*** Opening TASK MATERIAL ***

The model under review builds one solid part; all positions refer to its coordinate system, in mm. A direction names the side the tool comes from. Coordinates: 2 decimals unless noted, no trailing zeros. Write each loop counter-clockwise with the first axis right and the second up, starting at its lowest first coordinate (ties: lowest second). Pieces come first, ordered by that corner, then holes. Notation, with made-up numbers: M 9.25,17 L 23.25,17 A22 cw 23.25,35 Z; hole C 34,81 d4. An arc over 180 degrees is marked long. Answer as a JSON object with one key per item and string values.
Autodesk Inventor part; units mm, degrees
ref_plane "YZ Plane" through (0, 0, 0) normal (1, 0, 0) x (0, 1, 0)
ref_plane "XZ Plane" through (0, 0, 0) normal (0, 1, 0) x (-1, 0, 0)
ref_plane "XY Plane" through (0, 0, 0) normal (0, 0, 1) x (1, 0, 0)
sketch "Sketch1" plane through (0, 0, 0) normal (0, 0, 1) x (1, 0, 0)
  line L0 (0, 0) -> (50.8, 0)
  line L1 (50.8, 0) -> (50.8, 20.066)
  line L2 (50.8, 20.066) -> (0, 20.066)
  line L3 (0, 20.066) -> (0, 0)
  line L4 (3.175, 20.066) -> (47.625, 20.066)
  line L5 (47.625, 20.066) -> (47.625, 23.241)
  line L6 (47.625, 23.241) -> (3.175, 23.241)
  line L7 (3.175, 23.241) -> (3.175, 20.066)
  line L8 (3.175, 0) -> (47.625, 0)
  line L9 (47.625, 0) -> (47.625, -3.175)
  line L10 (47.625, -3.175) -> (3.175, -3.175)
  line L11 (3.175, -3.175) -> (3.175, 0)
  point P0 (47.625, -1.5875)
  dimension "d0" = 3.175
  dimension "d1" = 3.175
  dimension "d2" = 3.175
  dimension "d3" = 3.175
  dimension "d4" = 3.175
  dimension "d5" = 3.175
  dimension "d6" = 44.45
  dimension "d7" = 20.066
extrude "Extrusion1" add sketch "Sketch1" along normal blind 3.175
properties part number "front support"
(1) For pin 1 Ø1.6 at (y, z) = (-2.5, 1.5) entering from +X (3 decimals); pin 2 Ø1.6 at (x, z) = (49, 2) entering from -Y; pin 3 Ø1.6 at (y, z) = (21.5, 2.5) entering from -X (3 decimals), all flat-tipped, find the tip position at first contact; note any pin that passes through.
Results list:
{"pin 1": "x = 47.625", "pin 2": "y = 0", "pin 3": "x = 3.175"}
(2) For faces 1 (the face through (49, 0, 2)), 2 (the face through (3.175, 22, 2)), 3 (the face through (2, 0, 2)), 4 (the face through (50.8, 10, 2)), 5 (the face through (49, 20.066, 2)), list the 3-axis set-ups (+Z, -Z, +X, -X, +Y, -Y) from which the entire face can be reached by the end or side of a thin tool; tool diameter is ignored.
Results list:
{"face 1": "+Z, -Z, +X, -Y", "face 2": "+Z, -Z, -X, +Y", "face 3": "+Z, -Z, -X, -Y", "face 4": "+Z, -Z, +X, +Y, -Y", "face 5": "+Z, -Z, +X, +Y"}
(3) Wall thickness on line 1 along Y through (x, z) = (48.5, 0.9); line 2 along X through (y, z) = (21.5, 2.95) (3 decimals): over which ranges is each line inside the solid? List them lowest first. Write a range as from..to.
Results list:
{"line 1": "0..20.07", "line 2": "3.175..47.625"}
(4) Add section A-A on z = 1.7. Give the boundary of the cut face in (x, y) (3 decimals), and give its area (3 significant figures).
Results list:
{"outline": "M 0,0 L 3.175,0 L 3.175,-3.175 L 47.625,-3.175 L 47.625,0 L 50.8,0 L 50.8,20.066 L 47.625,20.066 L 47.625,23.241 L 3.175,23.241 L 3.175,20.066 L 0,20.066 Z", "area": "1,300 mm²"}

*** Closing TASK MATERIAL ***

» **ASSIGNED TASK**:
Repeat word for word the lines above that run from the line containing "line L5 (47.625, 20.066)" through the line containing "line L11 (3.175, -3.175) -> (3.175, 0)", both ends included, and nothing else.

» **RESPONSE**:
  line L5 (47.625, 20.066) -> (47.625, 23.241)
  line L6 (47.625, 23.241) -> (3.175, 23.241)
  line L7 (3.175, 23.241) -> (3.175, 20.066)
  line L8 (3.175, 0) -> (47.625, 0)
  line L9 (47.625, 0) -> (47.625, -3.175)
  line L10 (47.625, -3.175) -> (3.175, -3.175)
  line L11 (3.175, -3.175) -> (3.175, 0)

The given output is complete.